What the exercise asks:
Could the data below please be reproduced word for word, without the pictures?

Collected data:
════════

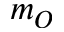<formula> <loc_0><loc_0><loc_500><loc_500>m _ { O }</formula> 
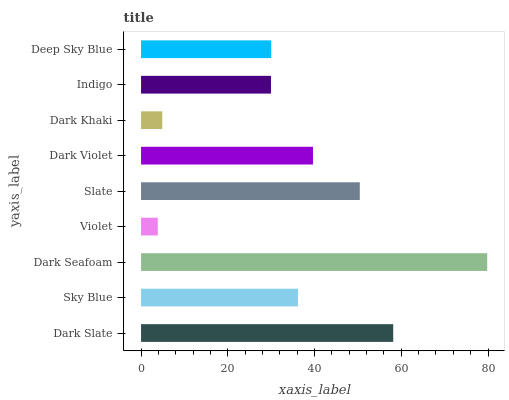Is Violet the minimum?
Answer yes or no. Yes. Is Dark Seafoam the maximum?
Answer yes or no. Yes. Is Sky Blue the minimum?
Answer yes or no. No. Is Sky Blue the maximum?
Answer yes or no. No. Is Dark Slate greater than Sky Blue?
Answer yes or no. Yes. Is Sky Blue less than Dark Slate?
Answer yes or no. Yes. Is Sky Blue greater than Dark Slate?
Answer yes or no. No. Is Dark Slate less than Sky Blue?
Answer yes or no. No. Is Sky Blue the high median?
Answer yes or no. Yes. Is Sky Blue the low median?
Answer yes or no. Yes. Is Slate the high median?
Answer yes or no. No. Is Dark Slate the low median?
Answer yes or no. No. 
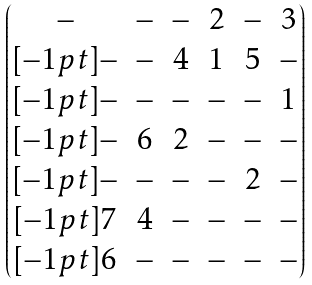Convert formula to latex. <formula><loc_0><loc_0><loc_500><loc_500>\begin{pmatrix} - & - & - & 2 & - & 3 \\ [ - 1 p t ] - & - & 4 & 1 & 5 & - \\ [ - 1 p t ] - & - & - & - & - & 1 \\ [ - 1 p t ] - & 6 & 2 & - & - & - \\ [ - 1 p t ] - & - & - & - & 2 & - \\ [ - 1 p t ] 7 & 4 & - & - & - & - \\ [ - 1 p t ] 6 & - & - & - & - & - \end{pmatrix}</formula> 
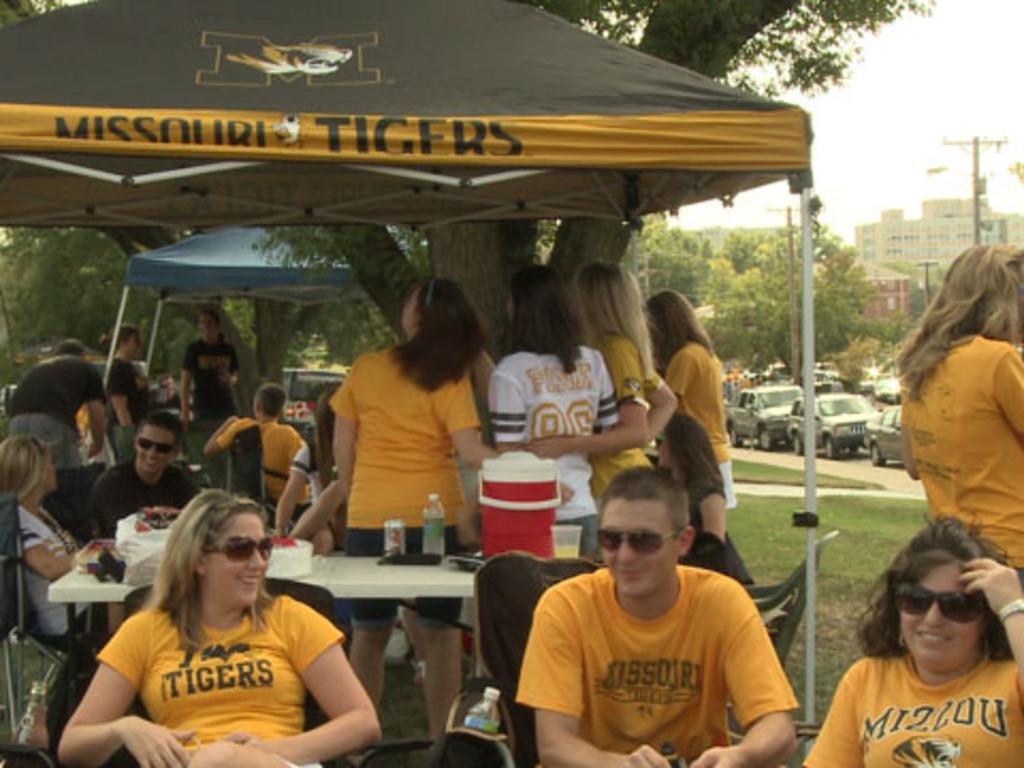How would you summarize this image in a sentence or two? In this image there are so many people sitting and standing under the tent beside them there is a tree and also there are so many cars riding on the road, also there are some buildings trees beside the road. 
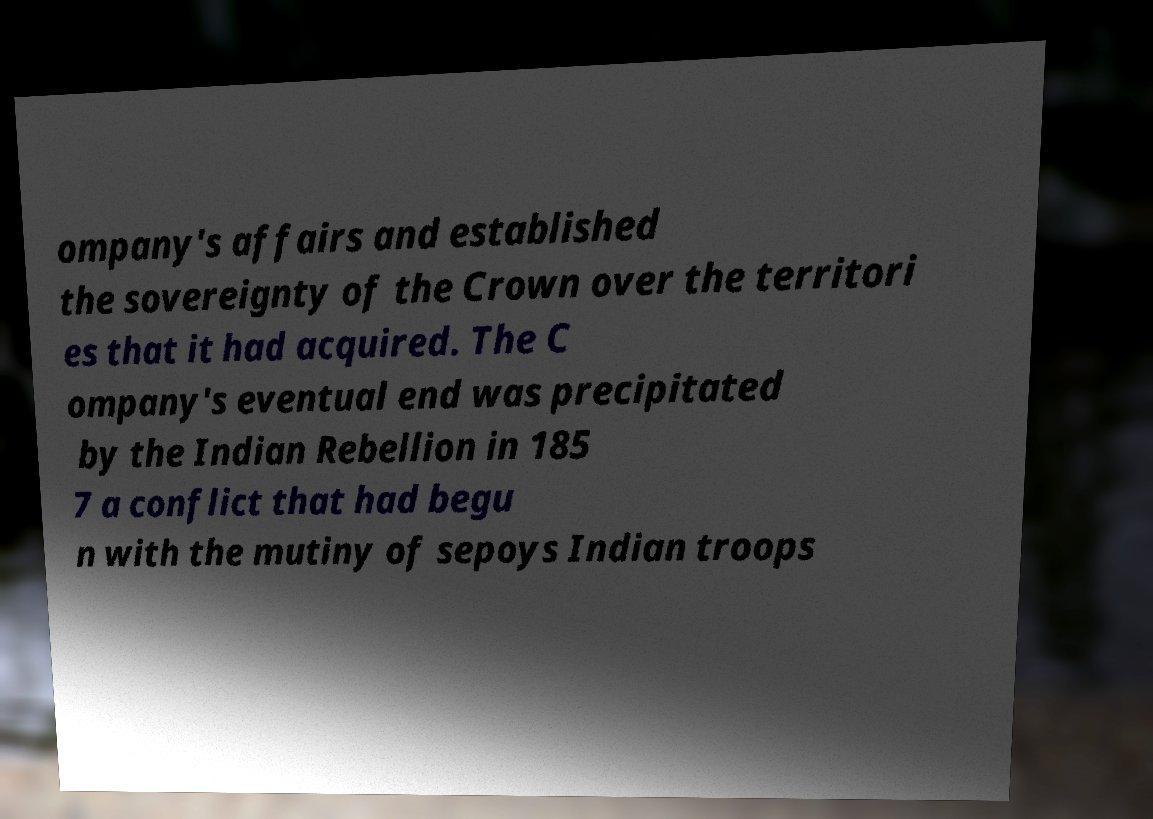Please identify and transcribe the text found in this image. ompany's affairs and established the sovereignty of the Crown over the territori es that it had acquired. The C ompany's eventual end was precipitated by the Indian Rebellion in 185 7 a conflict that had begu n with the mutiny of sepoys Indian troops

════════

Task solution:
<formula> <loc_0><loc_0><loc_500><loc_500>m _ { O }</formula> 
Is Violet the minimum?
Answer yes or no. Yes. Is Dark Seafoam the maximum?
Answer yes or no. Yes. Is Sky Blue the minimum?
Answer yes or no. No. Is Sky Blue the maximum?
Answer yes or no. No. Is Dark Slate greater than Sky Blue?
Answer yes or no. Yes. Is Sky Blue less than Dark Slate?
Answer yes or no. Yes. Is Sky Blue greater than Dark Slate?
Answer yes or no. No. Is Dark Slate less than Sky Blue?
Answer yes or no. No. Is Sky Blue the high median?
Answer yes or no. Yes. Is Sky Blue the low median?
Answer yes or no. Yes. Is Slate the high median?
Answer yes or no. No. Is Dark Slate the low median?
Answer yes or no. No. 
Convert formula to latex. <formula><loc_0><loc_0><loc_500><loc_500>\begin{pmatrix} - & - & - & 2 & - & 3 \\ [ - 1 p t ] - & - & 4 & 1 & 5 & - \\ [ - 1 p t ] - & - & - & - & - & 1 \\ [ - 1 p t ] - & 6 & 2 & - & - & - \\ [ - 1 p t ] - & - & - & - & 2 & - \\ [ - 1 p t ] 7 & 4 & - & - & - & - \\ [ - 1 p t ] 6 & - & - & - & - & - \end{pmatrix}</formula> 
How would you summarize this image in a sentence or two? In this image there are so many people sitting and standing under the tent beside them there is a tree and also there are so many cars riding on the road, also there are some buildings trees beside the road. 
Please identify and transcribe the text found in this image. ompany's affairs and established the sovereignty of the Crown over the territori es that it had acquired. The C ompany's eventual end was precipitated by the Indian Rebellion in 185 7 a conflict that had begu n with the mutiny of sepoys Indian troops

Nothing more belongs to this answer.